*TASK REQUIREMENTS:* Set down the listing exactly as given, minus images.

*INFORMATION SUPPLIED:*
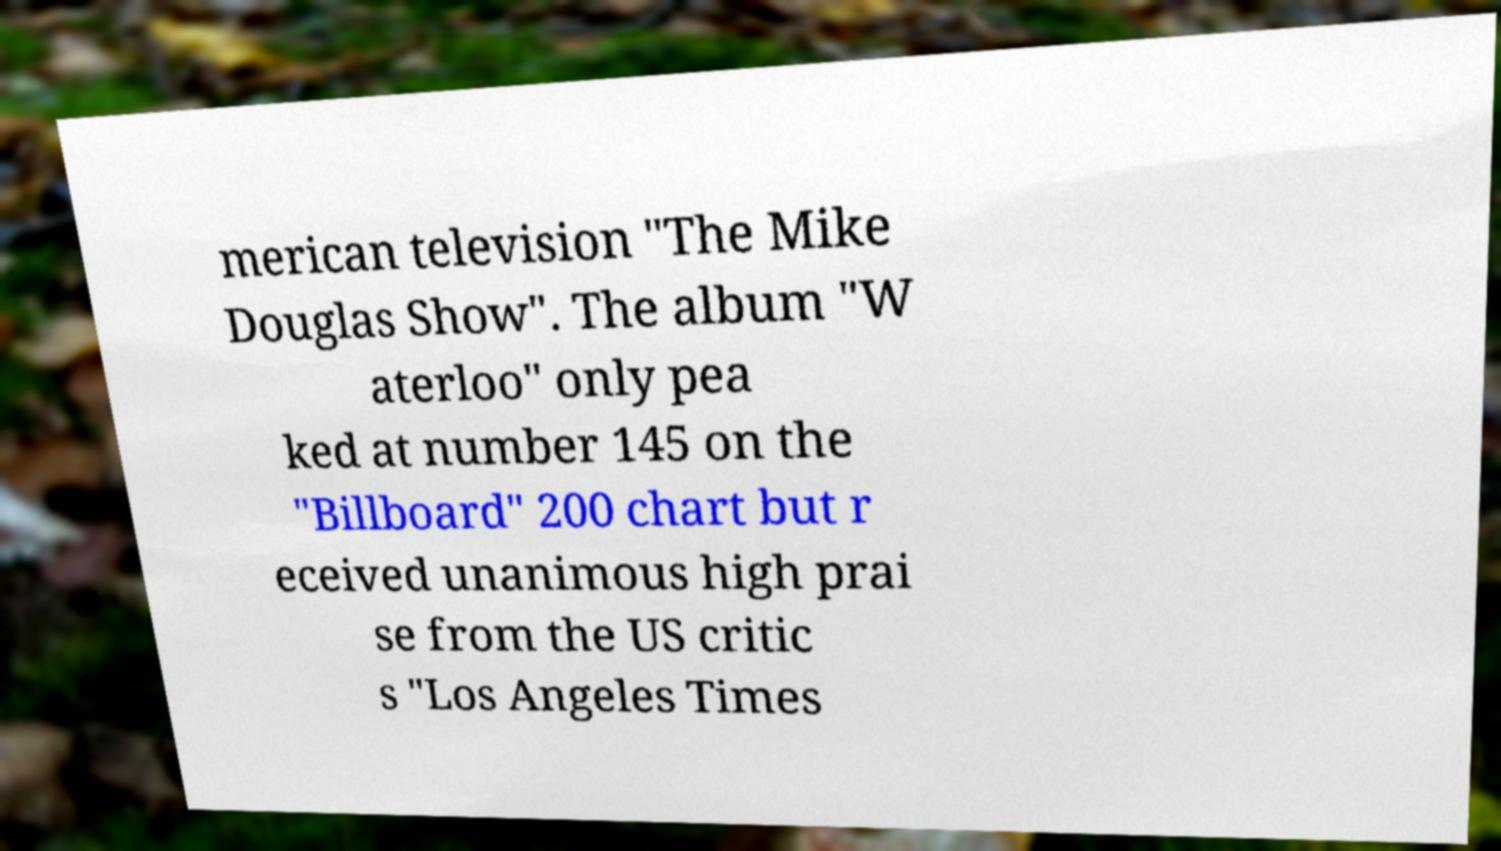Could you assist in decoding the text presented in this image and type it out clearly? merican television "The Mike Douglas Show". The album "W aterloo" only pea ked at number 145 on the "Billboard" 200 chart but r eceived unanimous high prai se from the US critic s "Los Angeles Times 
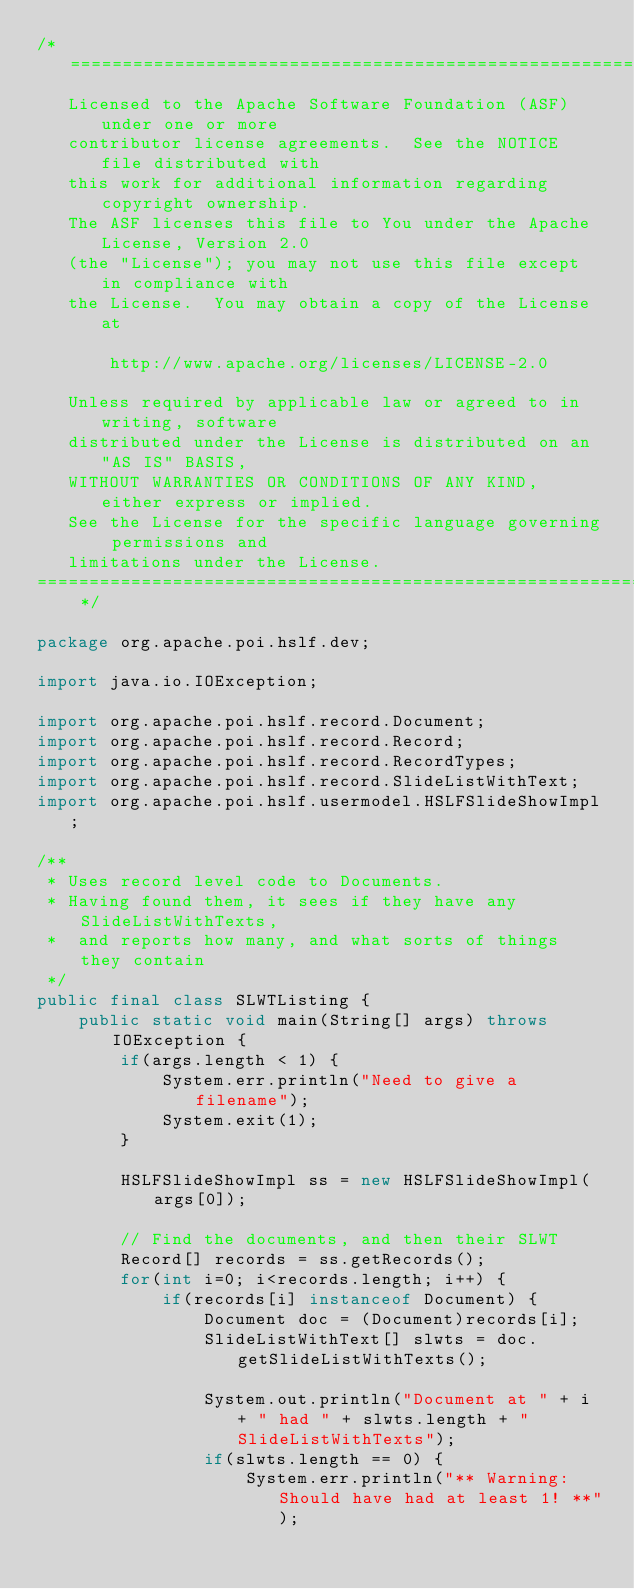<code> <loc_0><loc_0><loc_500><loc_500><_Java_>/* ====================================================================
   Licensed to the Apache Software Foundation (ASF) under one or more
   contributor license agreements.  See the NOTICE file distributed with
   this work for additional information regarding copyright ownership.
   The ASF licenses this file to You under the Apache License, Version 2.0
   (the "License"); you may not use this file except in compliance with
   the License.  You may obtain a copy of the License at

       http://www.apache.org/licenses/LICENSE-2.0

   Unless required by applicable law or agreed to in writing, software
   distributed under the License is distributed on an "AS IS" BASIS,
   WITHOUT WARRANTIES OR CONDITIONS OF ANY KIND, either express or implied.
   See the License for the specific language governing permissions and
   limitations under the License.
==================================================================== */

package org.apache.poi.hslf.dev;

import java.io.IOException;

import org.apache.poi.hslf.record.Document;
import org.apache.poi.hslf.record.Record;
import org.apache.poi.hslf.record.RecordTypes;
import org.apache.poi.hslf.record.SlideListWithText;
import org.apache.poi.hslf.usermodel.HSLFSlideShowImpl;

/**
 * Uses record level code to Documents.
 * Having found them, it sees if they have any SlideListWithTexts,
 *  and reports how many, and what sorts of things they contain
 */
public final class SLWTListing {
	public static void main(String[] args) throws IOException {
		if(args.length < 1) {
			System.err.println("Need to give a filename");
			System.exit(1);
		}

		HSLFSlideShowImpl ss = new HSLFSlideShowImpl(args[0]);

		// Find the documents, and then their SLWT
		Record[] records = ss.getRecords();
		for(int i=0; i<records.length; i++) {
			if(records[i] instanceof Document) {
				Document doc = (Document)records[i];
				SlideListWithText[] slwts = doc.getSlideListWithTexts();

				System.out.println("Document at " + i + " had " + slwts.length + " SlideListWithTexts");
				if(slwts.length == 0) {
					System.err.println("** Warning: Should have had at least 1! **");</code>

*RESULT BELOW:*
Could you assist in decoding the text presented in this image and type it out clearly? merican television "The Mike Douglas Show". The album "W aterloo" only pea ked at number 145 on the "Billboard" 200 chart but r eceived unanimous high prai se from the US critic s "Los Angeles Times 
<code> <loc_0><loc_0><loc_500><loc_500><_Java_>/* ====================================================================
   Licensed to the Apache Software Foundation (ASF) under one or more
   contributor license agreements.  See the NOTICE file distributed with
   this work for additional information regarding copyright ownership.
   The ASF licenses this file to You under the Apache License, Version 2.0
   (the "License"); you may not use this file except in compliance with
   the License.  You may obtain a copy of the License at

       http://www.apache.org/licenses/LICENSE-2.0

   Unless required by applicable law or agreed to in writing, software
   distributed under the License is distributed on an "AS IS" BASIS,
   WITHOUT WARRANTIES OR CONDITIONS OF ANY KIND, either express or implied.
   See the License for the specific language governing permissions and
   limitations under the License.
==================================================================== */

package org.apache.poi.hslf.dev;

import java.io.IOException;

import org.apache.poi.hslf.record.Document;
import org.apache.poi.hslf.record.Record;
import org.apache.poi.hslf.record.RecordTypes;
import org.apache.poi.hslf.record.SlideListWithText;
import org.apache.poi.hslf.usermodel.HSLFSlideShowImpl;

/**
 * Uses record level code to Documents.
 * Having found them, it sees if they have any SlideListWithTexts,
 *  and reports how many, and what sorts of things they contain
 */
public final class SLWTListing {
	public static void main(String[] args) throws IOException {
		if(args.length < 1) {
			System.err.println("Need to give a filename");
			System.exit(1);
		}

		HSLFSlideShowImpl ss = new HSLFSlideShowImpl(args[0]);

		// Find the documents, and then their SLWT
		Record[] records = ss.getRecords();
		for(int i=0; i<records.length; i++) {
			if(records[i] instanceof Document) {
				Document doc = (Document)records[i];
				SlideListWithText[] slwts = doc.getSlideListWithTexts();

				System.out.println("Document at " + i + " had " + slwts.length + " SlideListWithTexts");
				if(slwts.length == 0) {
					System.err.println("** Warning: Should have had at least 1! **");</code>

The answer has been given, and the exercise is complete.